In one aspect, the inlet temperature of the heating agent at the inlet is greater than the outlet temperature of the heating agent at the outlet. In one aspect, the inlet temperature of the heating agent at the inlet is sufficient to heat an ice-mold interconnect between ice and the plurality of molds.

In one aspect, there is provided a device comprising a first ice cube mold, the first ice cube mold comprises an upper face and a lower face, the upper face of the first ice cube mold comprises a first plurality of cells printed. The device may comprise a second ice cube mold, the second ice cube mold comprises an upper face and a lower face, the upper face of the second ice cube mold comprises a second plurality (1608) of mold cells. The device may comprise a housing, the housing having an axis that is parallel to the lower face of the first ice cube mold and parallel to the lower face of the second mold of ice cube. The first ice cube mold can be placed in the housing with the upper face of the first ice cube mold facing upwards. The second ice cube mold can be placed in the housing with the upper face of the second ice cube mold facing downwards, wherein the lower face of the first ice cube mold is in a back-to-back orientation with the face bottom of the second ice cube mold. The housing can be configured to rotate about the axis and rotate the first ice cube mold such that the top face of the first ice cube mold is oriented downward, and the second ice cube mold rotates in such a way that the upper face of the second ice cube mold is oriented upwards.

The device may comprise a tree. The tree can be configured to rotate the tree around the axis. The device may comprise a first subassembly. The first subassembly may comprise the first ice cube mold, a first top cover, and a first lower cover, the first ice cube mold being retained between the first top cover and the first lower cover. The device may comprise a second subassembly. The second sub-assembly may comprise the second ice cube mold, a second upper cover, and a second lower cover, the second ice cube mold being retained between the second upper cover and second lower cover.

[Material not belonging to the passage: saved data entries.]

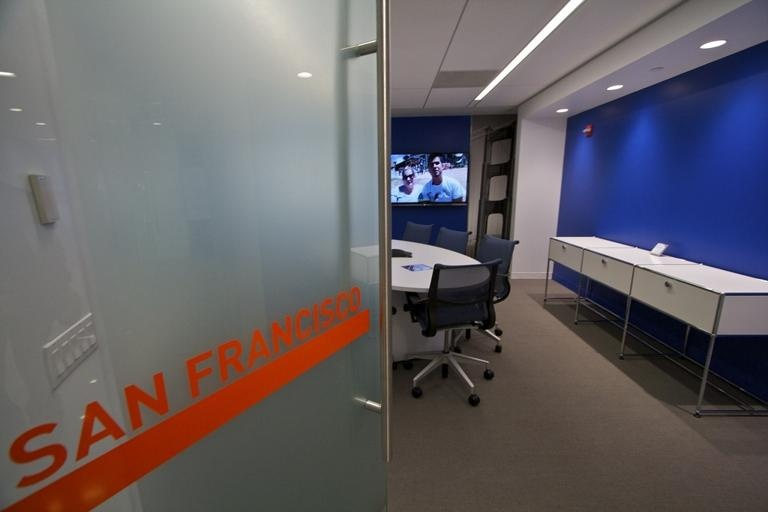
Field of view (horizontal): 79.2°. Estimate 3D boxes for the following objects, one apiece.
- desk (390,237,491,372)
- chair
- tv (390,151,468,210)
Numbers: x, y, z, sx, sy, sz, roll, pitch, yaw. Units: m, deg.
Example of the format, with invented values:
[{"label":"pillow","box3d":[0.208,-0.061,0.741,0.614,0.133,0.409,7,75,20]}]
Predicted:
[{"label":"desk","box3d":[0.349,0.287,3.644,0.821,0.302,1.242,0,20,-4]},{"label":"chair","box3d":[0.597,0.482,3.634,0.974,1.375,0.939,-5,27,-14]},{"label":"tv","box3d":[0.627,-1.061,6.301,1.362,0.887,0.063,-1,17,0]}]
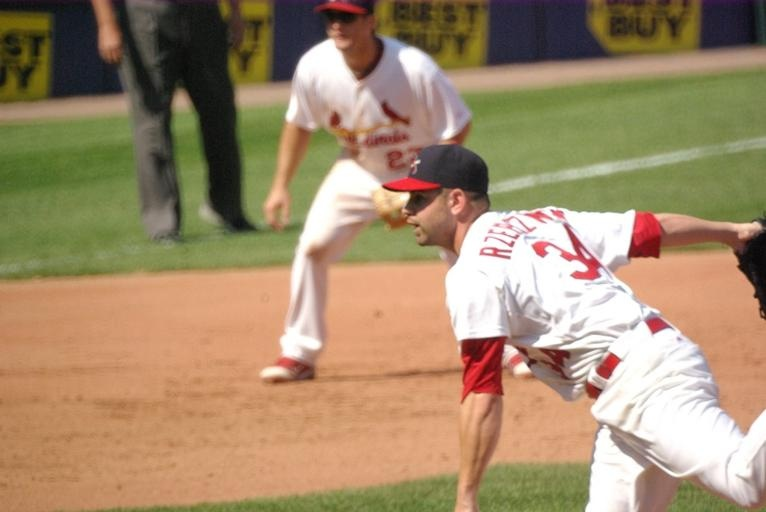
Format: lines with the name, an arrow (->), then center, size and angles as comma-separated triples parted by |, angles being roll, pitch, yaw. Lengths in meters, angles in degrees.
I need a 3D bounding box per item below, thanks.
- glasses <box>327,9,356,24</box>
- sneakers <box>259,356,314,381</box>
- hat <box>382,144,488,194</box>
glasses -> -0.418, -2.161, 13.809 | 0.328, 0.113, 0.105 | 8, 16, 29
sneakers -> -0.909, 1.046, 14.290 | 0.453, 0.168, 0.236 | 1, -2, -10
hat -> 0.468, -0.708, 12.428 | 0.712, 0.320, 0.432 | 4, 6, 3
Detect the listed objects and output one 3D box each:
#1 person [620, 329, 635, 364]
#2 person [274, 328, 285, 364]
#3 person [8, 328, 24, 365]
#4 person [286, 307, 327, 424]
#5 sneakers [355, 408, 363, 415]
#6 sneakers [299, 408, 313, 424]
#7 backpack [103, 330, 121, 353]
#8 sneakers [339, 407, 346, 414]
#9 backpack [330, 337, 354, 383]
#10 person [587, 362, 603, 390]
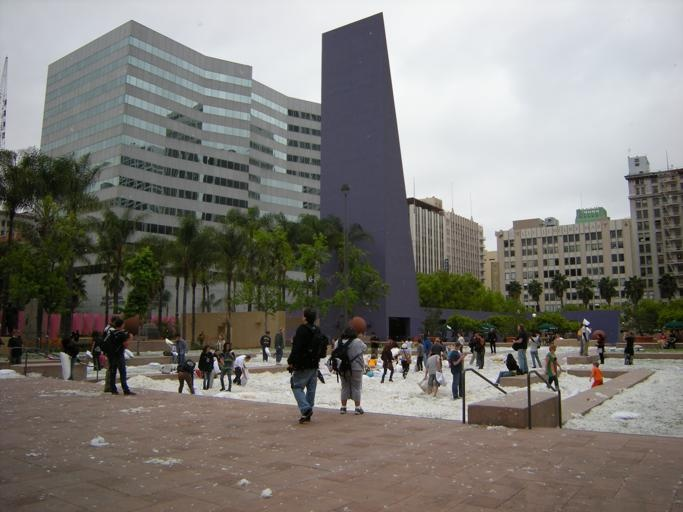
[{"bbox_3d":[15.289,4.963,31.045,0.377,1.689,2.274,-4,-9,28],"label":"person"},{"bbox_3d":[-3.302,4.801,30.677,0.407,1.814,1.576,1,-8,-8],"label":"person"},{"bbox_3d":[-13.379,3.789,23.882,0.470,1.375,1.665,4,-10,-30],"label":"person"},{"bbox_3d":[-0.688,2.175,11.604,0.764,2.188,1.193,0,-8,-6],"label":"person"},{"bbox_3d":[0.360,3.291,12.230,0.080,0.104,0.231,-1,-4,19],"label":"sneakers"},{"bbox_3d":[-0.686,3.076,11.069,0.144,0.367,0.163,13,31,-1],"label":"sneakers"},{"bbox_3d":[-5.812,2.203,14.719,0.651,0.588,0.329,-6,-10,32],"label":"backpack"},{"bbox_3d":[0.023,3.307,12.307,0.132,0.194,0.103,8,-18,-19],"label":"sneakers"},{"bbox_3d":[-0.023,2.192,12.403,0.503,0.827,0.383,-3,-8,19],"label":"backpack"},{"bbox_3d":[8.491,3.984,19.443,0.348,0.803,1.817,-4,-9,22],"label":"person"}]
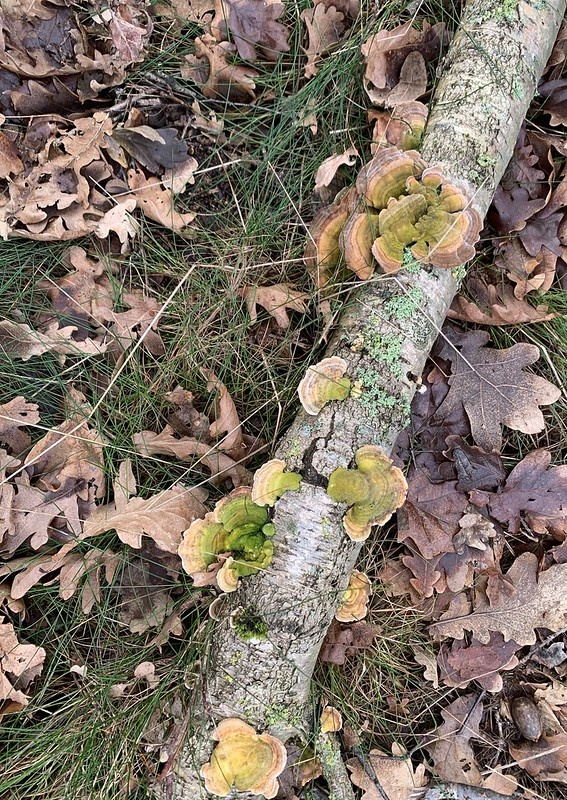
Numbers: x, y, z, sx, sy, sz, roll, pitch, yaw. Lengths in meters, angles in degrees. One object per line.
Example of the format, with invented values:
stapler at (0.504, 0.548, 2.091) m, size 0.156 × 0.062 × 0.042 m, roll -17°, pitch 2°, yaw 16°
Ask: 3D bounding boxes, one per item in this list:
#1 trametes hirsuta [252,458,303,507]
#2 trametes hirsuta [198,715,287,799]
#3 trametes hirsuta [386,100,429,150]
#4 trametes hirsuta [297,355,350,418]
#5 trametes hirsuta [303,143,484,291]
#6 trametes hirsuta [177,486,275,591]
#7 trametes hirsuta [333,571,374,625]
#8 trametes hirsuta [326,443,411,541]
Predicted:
trametes hirsuta at (-0.053, 0.382, 3.162) m, size 0.244 × 0.069 × 0.189 m, roll -31°, pitch 78°, yaw -8°
trametes hirsuta at (-0.184, 1.691, 3.175) m, size 0.360 × 0.104 × 0.341 m, roll 17°, pitch 76°, yaw 4°
trametes hirsuta at (0.650, -1.450, 3.545) m, size 0.262 × 0.089 × 0.281 m, roll 4°, pitch 94°, yaw 34°
trametes hirsuta at (0.190, -0.069, 3.197) m, size 0.243 × 0.063 × 0.251 m, roll 33°, pitch 91°, yaw 21°
trametes hirsuta at (0.516, -0.876, 3.296) m, size 0.828 × 0.243 × 0.670 m, roll -8°, pitch 81°, yaw 3°
trametes hirsuta at (-0.240, 0.683, 3.225) m, size 0.461 × 0.171 × 0.432 m, roll -9°, pitch 63°, yaw -5°
trametes hirsuta at (0.370, 1.032, 3.524) m, size 0.225 × 0.054 × 0.251 m, roll 4°, pitch 86°, yaw -21°
trametes hirsuta at (0.378, 0.441, 3.133) m, size 0.375 × 0.144 × 0.408 m, roll 32°, pitch 115°, yaw 35°

The device may comprise a first heat transfer device, the first heat transfer device being positioned between the first ice cube mold and the first lower cover; and a second heat transfer device, the second heat transfer device is placed between the second ice cube mold and the second lower cover. The first heat transfer device may comprise a first set of cooling fins, and the second heat transfer device may comprise a second set of cooling fins. The first top cover can define a first opening of the top cover. The first top cover opening can be configured in such a way that when the first top cover is placed on the first ice cube mold, the first top cover opening allows the plurality of mold cells of the first ice cube mold to be charge with a liquid when the first ice cube mold is in an upward facing position. The first top cover opening can be configured in such a way that the first top cover opening allows a plurality of ice cubes to form in the mold cells of the first ice cube mold to fall from the mold cells of the mold. First ice cube mold when the first mold of ice cube is in a downward facing position.

The device may comprise a tube with cooling agent configured to supply a cooling agent in heat transfer communication with the first ice cube mold and the freezing liquid in the mold cells of the first ice cube mold when the First ice cube mold is in upward facing position. The device may comprise a tube with heating agent configured to supply a heating agent in heat transfer communication with the first ice cube mold and heat an ice-mold interconnect between ice and the mold cells of the first mold of ice. ice cube when the first ice cube mold is in the downward facing position.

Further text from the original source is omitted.